Feature	Reference (Python SDK)	This Project (Claude Code)
Platform	Python Agent SDK (standalone)	Claude Code Skill (integrated)
Hooks	Python SDK hooks (`HookMatcher`)	Shell-based hooks (Python scripts)
Enforcement	Behavioral (via prompts)	Architectural (via `allowed-tools` ~95% reliability)^[4]
Logging	SDK-managed with `parent_tool_use_id`	Custom hooks with heuristic agent detection
Agent Identification	SDK's `parent_tool_use_id` field	File path + tool usage heuristics
Configuration	Python code	JSON config + environment variables
Deployment	Standalone Python app	Claude Code skill + hooks
Session Logs	Nested directories	Flat structure (configurable)
Setup	Manual installation	Automatic first-time setup

Use Reference Implementation If:

Building standalone Python application
Need SDK's native hook system
Want official Anthropic patterns without modification

Use This Implementation If:

Using Claude Code as primary environment
Need workflow enforcement via architecture
Require audit logging for compliance
Want configuration flexibility (JSON + env vars)

Enforcement Mechanisms

1. `allowed-tools` Constraint

From .claude/skills/multi-agent-researcher/SKILL.md:

---
name: multi-agent-researcher
allowed-tools: Task, Read, Glob, TodoWrite
---

When this skill is active, Claude can only use the listed tools^[4]. The Write tool is deliberately excluded, making it architecturally impossible for the orchestrator to write synthesis reports.

Reliability: ~95% (cannot be bypassed through prompt injection).

From .claude/skills/spec-workflow-orchestrator/SKILL.md:

---
name: spec-workflow-orchestrator
allowed-tools: Task, Read, Glob, TodoWrite, Write, Edit
---

Spec skill has Write access - enforcement is via quality gates (85% threshold), not tool restriction. Orchestrator delegates to spec-analyst → spec-architect → spec-planner sequentially, validating each deliverable before proceeding.

2. Quality Gates

Research Skill - Implemented in hooks:

# Detect orchestrator bypassing report-writer
if synthesis_phase and tool == "Write" and agent == "orchestrator":
    violation = "Orchestrator attempted to write synthesis report"
    log_violation(violation)

Spec Skill - 85% threshold scoring (100 points total):

Criteria	Points	Applies To
Completeness	25	All deliverables
Technical Depth	25	Architecture, ADRs
Actionability	25	Tasks, requirements
Clarity	25	All deliverables

Max 3 iterations per agent.

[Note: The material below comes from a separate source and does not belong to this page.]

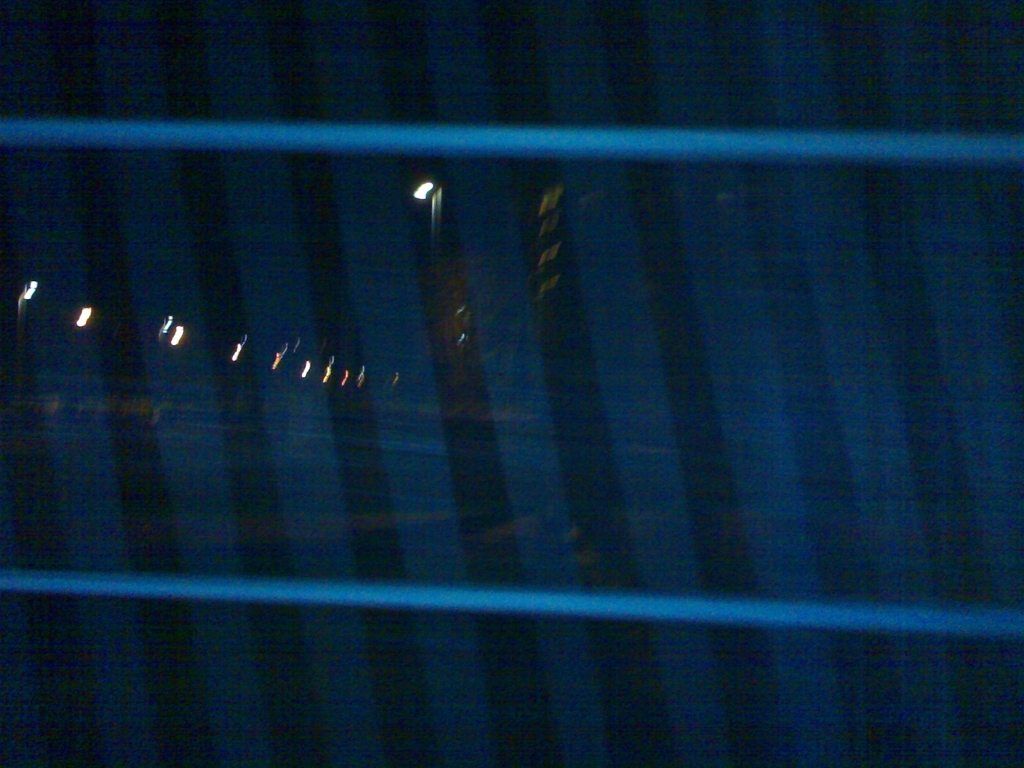Can you describe the mood or atmosphere this image evokes? The image evokes a mysterious and somber mood. The darkness and the blurred glimpse of lights through what appears to be a barrier of some sort add to a sense of isolation or perhaps curiosity about an obscured scene. It's reminiscent of looking out into the night from a confined space, which might stir feelings of introspection or contemplation.

Below threshold → feedback loop → retry.

3. Session State Tracking

Tracks active skill and workflow progression for the dual-skill platform.

Current State (logs/state/current.json ~100 bytes):

currentSkill: Which skill is active (multi-agent-researcher or spec-workflow-orchestrator)
currentResearch: Active research session details (if research skill)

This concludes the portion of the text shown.